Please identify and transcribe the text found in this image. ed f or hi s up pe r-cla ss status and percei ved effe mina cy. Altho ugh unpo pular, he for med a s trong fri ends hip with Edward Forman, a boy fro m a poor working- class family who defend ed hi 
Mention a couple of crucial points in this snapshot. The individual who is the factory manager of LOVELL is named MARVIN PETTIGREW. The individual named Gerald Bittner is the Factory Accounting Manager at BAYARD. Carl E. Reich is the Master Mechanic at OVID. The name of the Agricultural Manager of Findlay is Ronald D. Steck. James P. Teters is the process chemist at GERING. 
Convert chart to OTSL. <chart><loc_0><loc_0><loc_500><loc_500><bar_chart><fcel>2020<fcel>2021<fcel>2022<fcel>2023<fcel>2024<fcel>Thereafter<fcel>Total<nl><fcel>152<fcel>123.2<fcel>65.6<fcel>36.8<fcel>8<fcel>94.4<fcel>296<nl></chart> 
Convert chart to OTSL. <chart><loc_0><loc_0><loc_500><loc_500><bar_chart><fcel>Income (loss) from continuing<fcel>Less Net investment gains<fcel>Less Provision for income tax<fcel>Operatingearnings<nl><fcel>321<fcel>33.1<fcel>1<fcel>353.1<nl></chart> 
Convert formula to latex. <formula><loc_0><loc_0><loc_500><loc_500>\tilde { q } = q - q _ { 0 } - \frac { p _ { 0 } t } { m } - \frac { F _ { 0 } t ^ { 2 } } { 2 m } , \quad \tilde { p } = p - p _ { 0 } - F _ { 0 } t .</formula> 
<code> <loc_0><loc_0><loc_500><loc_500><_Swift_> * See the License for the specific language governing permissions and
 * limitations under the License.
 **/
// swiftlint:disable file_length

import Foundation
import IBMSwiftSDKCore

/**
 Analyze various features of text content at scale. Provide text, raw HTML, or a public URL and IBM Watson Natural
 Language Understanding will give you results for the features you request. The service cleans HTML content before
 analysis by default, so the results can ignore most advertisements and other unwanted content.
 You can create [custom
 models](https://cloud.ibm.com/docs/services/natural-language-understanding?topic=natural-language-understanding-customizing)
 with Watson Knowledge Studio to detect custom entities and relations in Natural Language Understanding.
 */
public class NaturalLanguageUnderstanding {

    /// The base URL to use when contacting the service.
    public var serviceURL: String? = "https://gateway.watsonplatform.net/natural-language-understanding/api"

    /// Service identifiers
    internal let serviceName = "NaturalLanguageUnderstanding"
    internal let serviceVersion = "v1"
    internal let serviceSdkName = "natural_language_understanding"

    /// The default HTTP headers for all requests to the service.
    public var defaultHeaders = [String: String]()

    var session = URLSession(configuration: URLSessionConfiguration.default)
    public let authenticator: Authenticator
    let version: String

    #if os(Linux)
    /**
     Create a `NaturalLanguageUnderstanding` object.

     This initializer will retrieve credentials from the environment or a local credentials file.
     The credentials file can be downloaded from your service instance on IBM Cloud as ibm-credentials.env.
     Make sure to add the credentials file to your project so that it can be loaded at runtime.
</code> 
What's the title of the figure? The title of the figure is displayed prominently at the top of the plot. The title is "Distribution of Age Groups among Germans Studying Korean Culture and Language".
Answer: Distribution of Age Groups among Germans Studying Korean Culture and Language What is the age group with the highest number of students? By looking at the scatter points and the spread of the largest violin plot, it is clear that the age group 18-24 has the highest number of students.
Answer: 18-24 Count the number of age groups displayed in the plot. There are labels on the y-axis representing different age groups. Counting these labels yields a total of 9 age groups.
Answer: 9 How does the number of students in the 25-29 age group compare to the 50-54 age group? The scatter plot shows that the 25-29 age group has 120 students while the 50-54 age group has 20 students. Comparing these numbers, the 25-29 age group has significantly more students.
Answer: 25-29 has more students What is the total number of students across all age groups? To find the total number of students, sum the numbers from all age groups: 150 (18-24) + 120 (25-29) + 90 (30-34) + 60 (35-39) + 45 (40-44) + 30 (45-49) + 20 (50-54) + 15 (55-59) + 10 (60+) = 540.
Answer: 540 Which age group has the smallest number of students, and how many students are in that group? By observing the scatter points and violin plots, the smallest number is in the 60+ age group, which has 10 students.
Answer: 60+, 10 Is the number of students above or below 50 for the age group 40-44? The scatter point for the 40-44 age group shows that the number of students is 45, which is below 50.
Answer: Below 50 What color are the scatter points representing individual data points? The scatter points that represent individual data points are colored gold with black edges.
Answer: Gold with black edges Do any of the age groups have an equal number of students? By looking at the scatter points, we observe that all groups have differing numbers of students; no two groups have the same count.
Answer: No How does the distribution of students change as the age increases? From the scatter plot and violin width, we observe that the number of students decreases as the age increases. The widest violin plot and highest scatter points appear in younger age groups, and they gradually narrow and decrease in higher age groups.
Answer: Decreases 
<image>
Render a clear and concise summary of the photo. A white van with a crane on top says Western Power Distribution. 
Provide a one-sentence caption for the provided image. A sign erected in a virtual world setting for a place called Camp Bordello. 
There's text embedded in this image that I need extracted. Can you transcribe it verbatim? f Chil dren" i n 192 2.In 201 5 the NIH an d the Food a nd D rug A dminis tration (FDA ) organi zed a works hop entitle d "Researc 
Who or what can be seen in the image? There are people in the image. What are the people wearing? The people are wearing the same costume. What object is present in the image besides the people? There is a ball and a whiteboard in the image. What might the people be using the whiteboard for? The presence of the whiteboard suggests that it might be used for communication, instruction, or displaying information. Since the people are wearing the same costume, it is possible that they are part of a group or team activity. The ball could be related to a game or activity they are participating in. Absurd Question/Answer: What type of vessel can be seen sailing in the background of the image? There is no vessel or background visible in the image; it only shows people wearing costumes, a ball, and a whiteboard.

_TASK STATEMENT_:
Please transcribe the whole listing exactly as it stands.

_RESULT FOR THIS EXERCISE_:
Please identify and transcribe the text found in this image. ed f or hi s up pe r-cla ss status and percei ved effe mina cy. Altho ugh unpo pular, he for med a s trong fri ends hip with Edward Forman, a boy fro m a poor working- class family who defend ed hi 
Mention a couple of crucial points in this snapshot. The individual who is the factory manager of LOVELL is named MARVIN PETTIGREW. The individual named Gerald Bittner is the Factory Accounting Manager at BAYARD. Carl E. Reich is the Master Mechanic at OVID. The name of the Agricultural Manager of Findlay is Ronald D. Steck. James P. Teters is the process chemist at GERING. 
Convert chart to OTSL. <chart><loc_0><loc_0><loc_500><loc_500><bar_chart><fcel>2020<fcel>2021<fcel>2022<fcel>2023<fcel>2024<fcel>Thereafter<fcel>Total<nl><fcel>152<fcel>123.2<fcel>65.6<fcel>36.8<fcel>8<fcel>94.4<fcel>296<nl></chart> 
Convert chart to OTSL. <chart><loc_0><loc_0><loc_500><loc_500><bar_chart><fcel>Income (loss) from continuing<fcel>Less Net investment gains<fcel>Less Provision for income tax<fcel>Operatingearnings<nl><fcel>321<fcel>33.1<fcel>1<fcel>353.1<nl></chart> 
Convert formula to latex. <formula><loc_0><loc_0><loc_500><loc_500>\tilde { q } = q - q _ { 0 } - \frac { p _ { 0 } t } { m } - \frac { F _ { 0 } t ^ { 2 } } { 2 m } , \quad \tilde { p } = p - p _ { 0 } - F _ { 0 } t .</formula> 
<code> <loc_0><loc_0><loc_500><loc_500><_Swift_> * See the License for the specific language governing permissions and
 * limitations under the License.
 **/
// swiftlint:disable file_length

import Foundation
import IBMSwiftSDKCore

/**
 Analyze various features of text content at scale. Provide text, raw HTML, or a public URL and IBM Watson Natural
 Language Understanding will give you results for the features you request. The service cleans HTML content before
 analysis by default, so the results can ignore most advertisements and other unwanted content.
 You can create [custom
 models](https://cloud.ibm.com/docs/services/natural-language-understanding?topic=natural-language-understanding-customizing)
 with Watson Knowledge Studio to detect custom entities and relations in Natural Language Understanding.
 */
public class NaturalLanguageUnderstanding {

    /// The base URL to use when contacting the service.
    public var serviceURL: String? = "https://gateway.watsonplatform.net/natural-language-understanding/api"

    /// Service identifiers
    internal let serviceName = "NaturalLanguageUnderstanding"
    internal let serviceVersion = "v1"
    internal let serviceSdkName = "natural_language_understanding"

    /// The default HTTP headers for all requests to the service.
    public var defaultHeaders = [String: String]()

    var session = URLSession(configuration: URLSessionConfiguration.default)
    public let authenticator: Authenticator
    let version: String

    #if os(Linux)
    /**
     Create a `NaturalLanguageUnderstanding` object.

     This initializer will retrieve credentials from the environment or a local credentials file.
     The credentials file can be downloaded from your service instance on IBM Cloud as ibm-credentials.env.
     Make sure to add the credentials file to your project so that it can be loaded at runtime.
</code> 
What's the title of the figure? The title of the figure is displayed prominently at the top of the plot. The title is "Distribution of Age Groups among Germans Studying Korean Culture and Language".
Answer: Distribution of Age Groups among Germans Studying Korean Culture and Language What is the age group with the highest number of students? By looking at the scatter points and the spread of the largest violin plot, it is clear that the age group 18-24 has the highest number of students.
Answer: 18-24 Count the number of age groups displayed in the plot. There are labels on the y-axis representing different age groups. Counting these labels yields a total of 9 age groups.
Answer: 9 How does the number of students in the 25-29 age group compare to the 50-54 age group? The scatter plot shows that the 25-29 age group has 120 students while the 50-54 age group has 20 students. Comparing these numbers, the 25-29 age group has significantly more students.
Answer: 25-29 has more students What is the total number of students across all age groups? To find the total number of students, sum the numbers from all age groups: 150 (18-24) + 120 (25-29) + 90 (30-34) + 60 (35-39) + 45 (40-44) + 30 (45-49) + 20 (50-54) + 15 (55-59) + 10 (60+) = 540.
Answer: 540 Which age group has the smallest number of students, and how many students are in that group? By observing the scatter points and violin plots, the smallest number is in the 60+ age group, which has 10 students.
Answer: 60+, 10 Is the number of students above or below 50 for the age group 40-44? The scatter point for the 40-44 age group shows that the number of students is 45, which is below 50.
Answer: Below 50 What color are the scatter points representing individual data points? The scatter points that represent individual data points are colored gold with black edges.
Answer: Gold with black edges Do any of the age groups have an equal number of students? By looking at the scatter points, we observe that all groups have differing numbers of students; no two groups have the same count.
Answer: No How does the distribution of students change as the age increases? From the scatter plot and violin width, we observe that the number of students decreases as the age increases. The widest violin plot and highest scatter points appear in younger age groups, and they gradually narrow and decrease in higher age groups.
Answer: Decreases 
<image>
Render a clear and concise summary of the photo. A white van with a crane on top says Western Power Distribution. 
Provide a one-sentence caption for the provided image. A sign erected in a virtual world setting for a place called Camp Bordello. 
There's text embedded in this image that I need extracted. Can you transcribe it verbatim? f Chil dren" i n 192 2.In 201 5 the NIH an d the Food a nd D rug A dminis tration (FDA ) organi zed a works hop entitle d "Researc 
Who or what can be seen in the image? There are people in the image. What are the people wearing? The people are wearing the same costume. What object is present in the image besides the people? There is a ball and a whiteboard in the image. What might the people be using the whiteboard for? The presence of the whiteboard suggests that it might be used for communication, instruction, or displaying information. Since the people are wearing the same costume, it is possible that they are part of a group or team activity. The ball could be related to a game or activity they are participating in. Absurd Question/Answer: What type of vessel can be seen sailing in the background of the image? There is no vessel or background visible in the image; it only shows people wearing costumes, a ball, and a whiteboard.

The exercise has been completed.